Do actors make relations or do relations make actors?

The encounter of historical and evolutionary perspectives within the intermediate trading zone of social science often has been unsatisfactory. Biological metaphors of social evolution were common among the original founders of the social sciences—in sociology and anthropology especially—but collectivist functionalism1 now is thoroughly discredited. Horrific misuses of biological and evolutionary “scientific theories” by nineteenth- and twentieth-century racist social movements need no recounting. More recently, sociobiology—the analysis of discrete social behaviors and cultural “memes” as if these were genes in evolutionary competition—has gained an enthusiastic following as a sect, but sociobiology is viewed as simplistic and naive by most contemporary social scientists.

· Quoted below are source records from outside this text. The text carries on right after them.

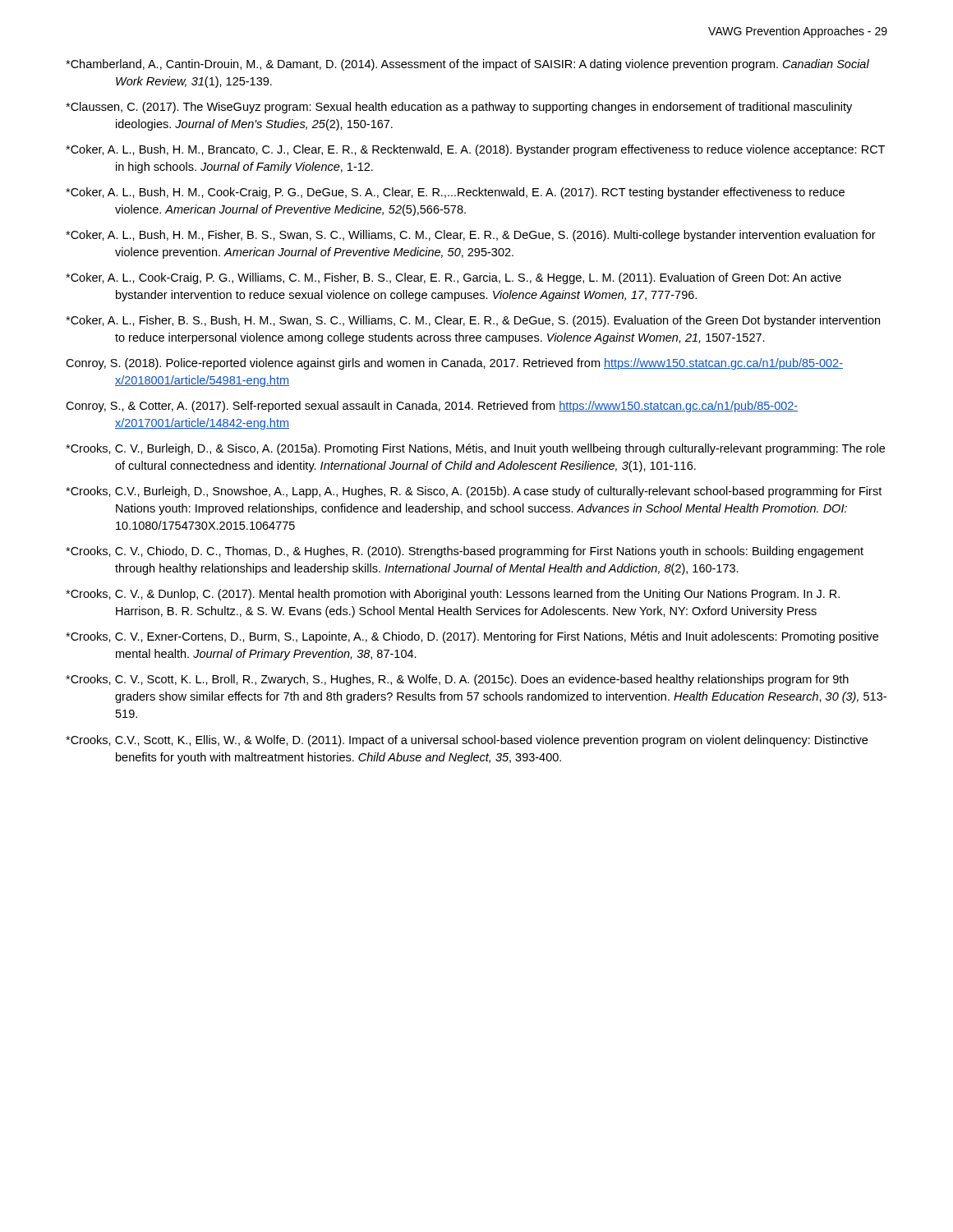953x1232 pixels.
Task: Select the passage starting "*Crooks, C. V., Burleigh,"
Action: [476, 457]
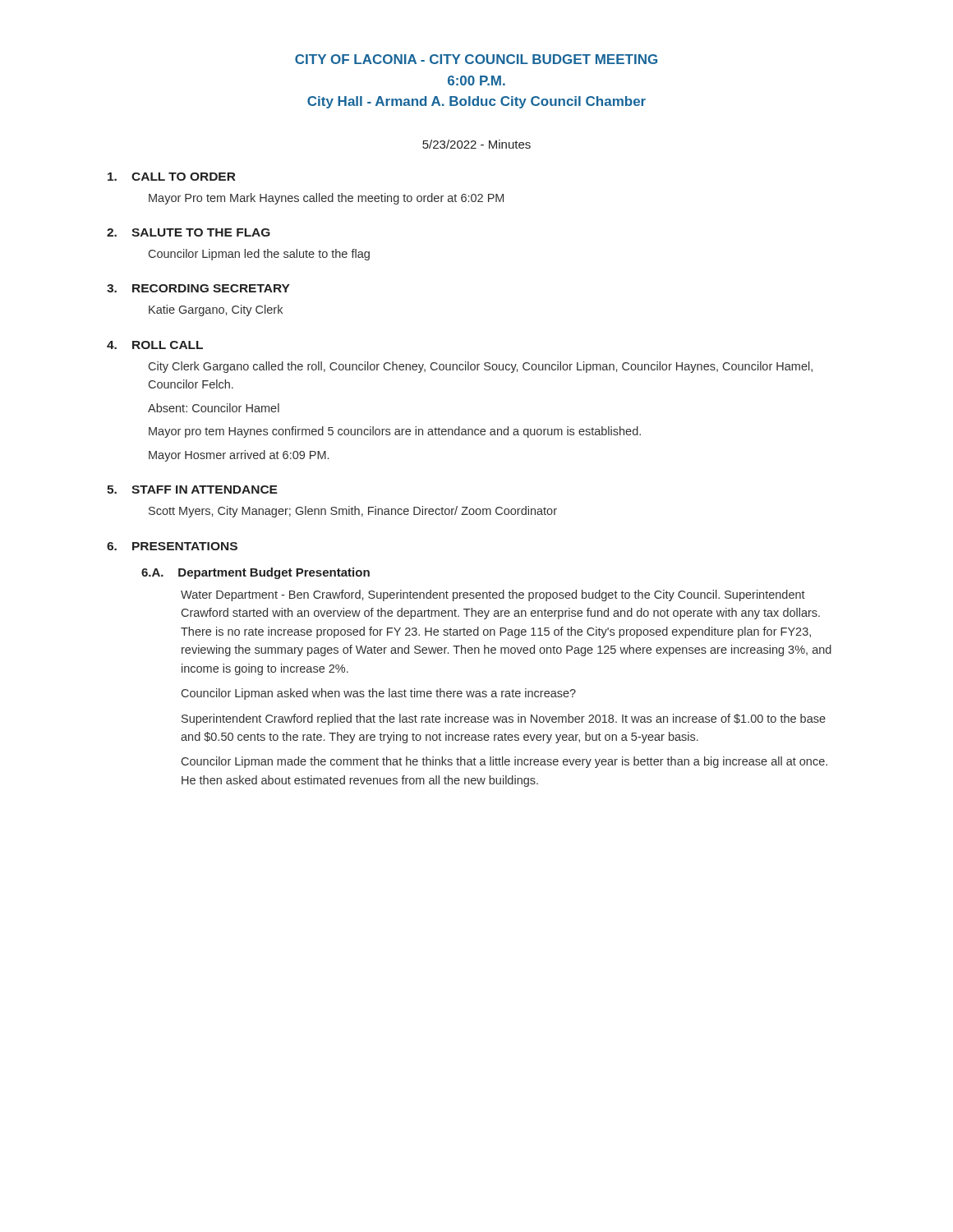Locate the text that says "5/23/2022 - Minutes"
This screenshot has height=1232, width=953.
[476, 144]

Less well known among social scientists, the reverse reception of historicist arguments in evolutionary biology also has been rocky. Stephen Jay Gould is widely known and praised outside of his own subfield, but his arguments are held at arm’s length if not in disdain by his evolutionist peers. Celebrating “historical contingencies” to them seems tantamount to giving up on scientific explanation altogether. Postmodernists in the social sciences and the humanities are willing to take that step, but contemporary evolutionary biologists (including the late Gould himself) have nightmares of creationists and intelligent designers exploiting indeterminacy in evolutionary theory for their own purposes.

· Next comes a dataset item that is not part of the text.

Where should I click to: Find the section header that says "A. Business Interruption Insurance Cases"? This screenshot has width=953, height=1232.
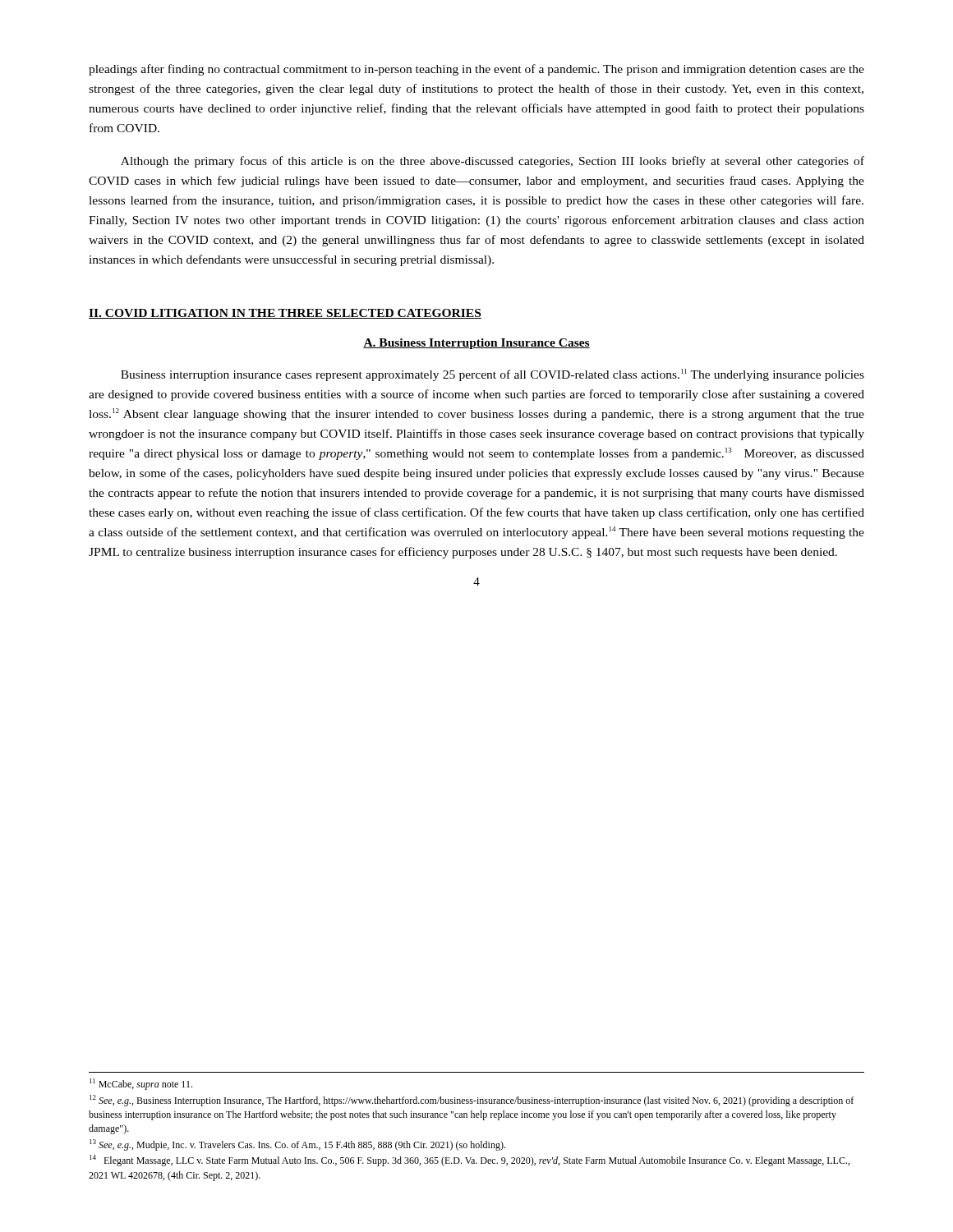tap(476, 342)
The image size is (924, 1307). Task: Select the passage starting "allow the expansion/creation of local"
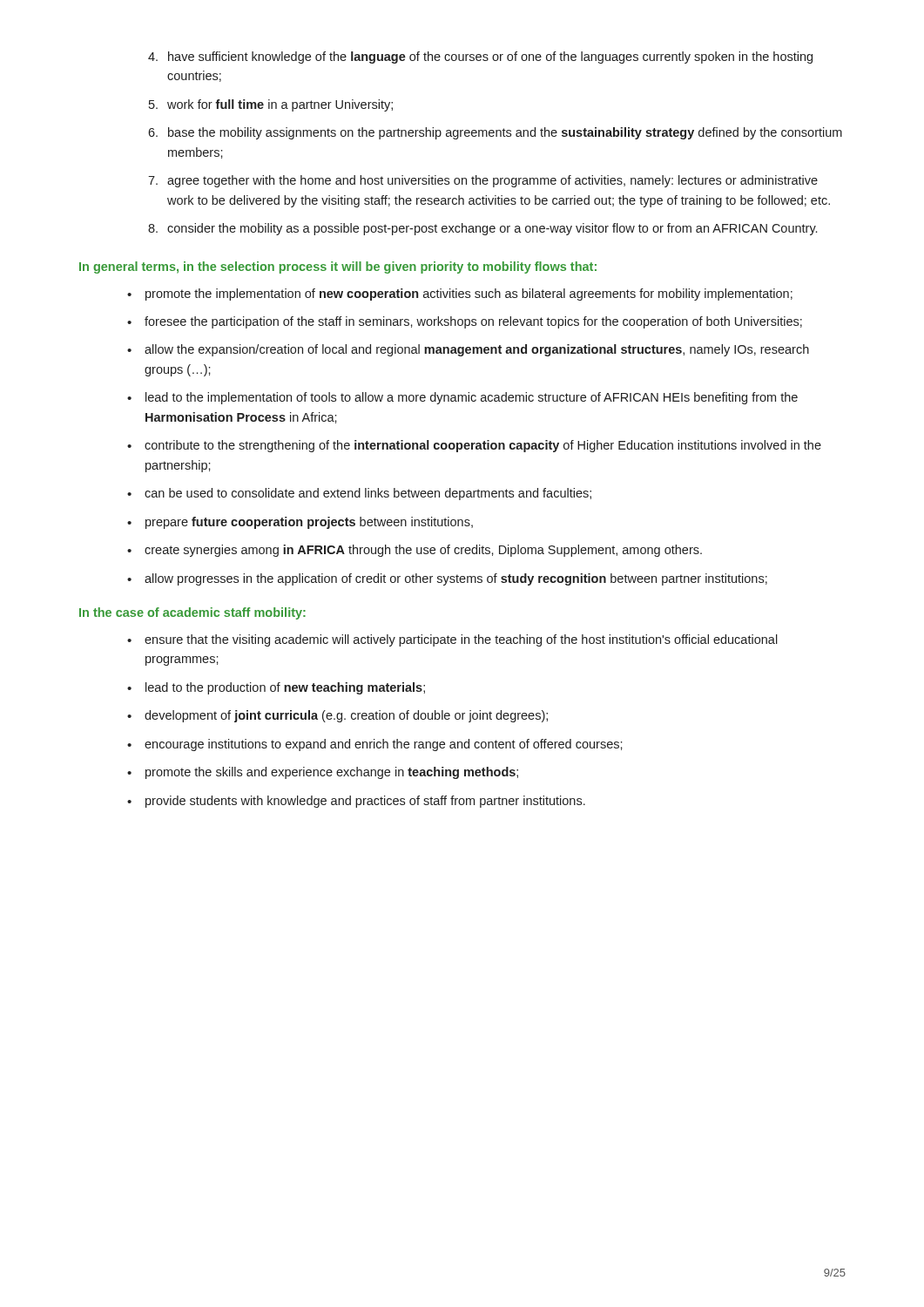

With this history and context in mind, Walter Fontana, Member (1999–2000) in the School of Natural Sciences, Walter Powell of Stanford University, and I are initiating a new Social Science Research Council Working Group on History and Evolution in order to develop theoretical and empirical bridges between disciplines not usually in close conversation: evolutionary biology, history, and the social sciences. This initiative builds upon previous collaborations and working groups at the Santa Fe Institute and upon discussions this year at IAS. Why reopen this Pandora’s box of trying to make evolution and history speak to each other? There are motivational and scientific maturity answers to this question.

On the motivational side, the social sciences seem stuck, as Andrew Abbott has long argued,2 in ever reproducing fractal polarities. Methodologically, this is quantitative versus qualitative, but theoretically this is more like methodological individualism versus social constructivism. Instead of contradicting each other, I would argue that both sides need the other to proceed. Methodological individualist theories3 need “actors” to drive their bottom-up deductions about collective behavioral patterns, but “actors” themselves enter from offstage in this approach as axioms, immune to derivation by the theories themselves. Social constructivism strives for the opposite top-down causality—to derive actors and institutions from cultural meaning and interpretation—but “meaning” (or “reflexivity”) axiomatically is presumed in this approach without deriving the material and behavioral patterns to which cognition and language point. In our recent book The Emergence of Organizations and Markets (Princeton University Press, 2012), Powell and I pose this duality as “in the short run, actors make relations, but in the long run, relations make actors.” Instead of juxtaposing the short-run and the long-run sides of this feedback as contradictory, we suggest that their causal interdependence can be seen as a problem of intercalating time scales. The long-run side of this feedback is currently less well understood than is the short-run. Specifically, we suggest that the largest outstanding gap in social science’s collective understanding is our weak processual knowledge about the emergence of “actors”—where do new types of people, organizations, social movements, states, and markets in history come from?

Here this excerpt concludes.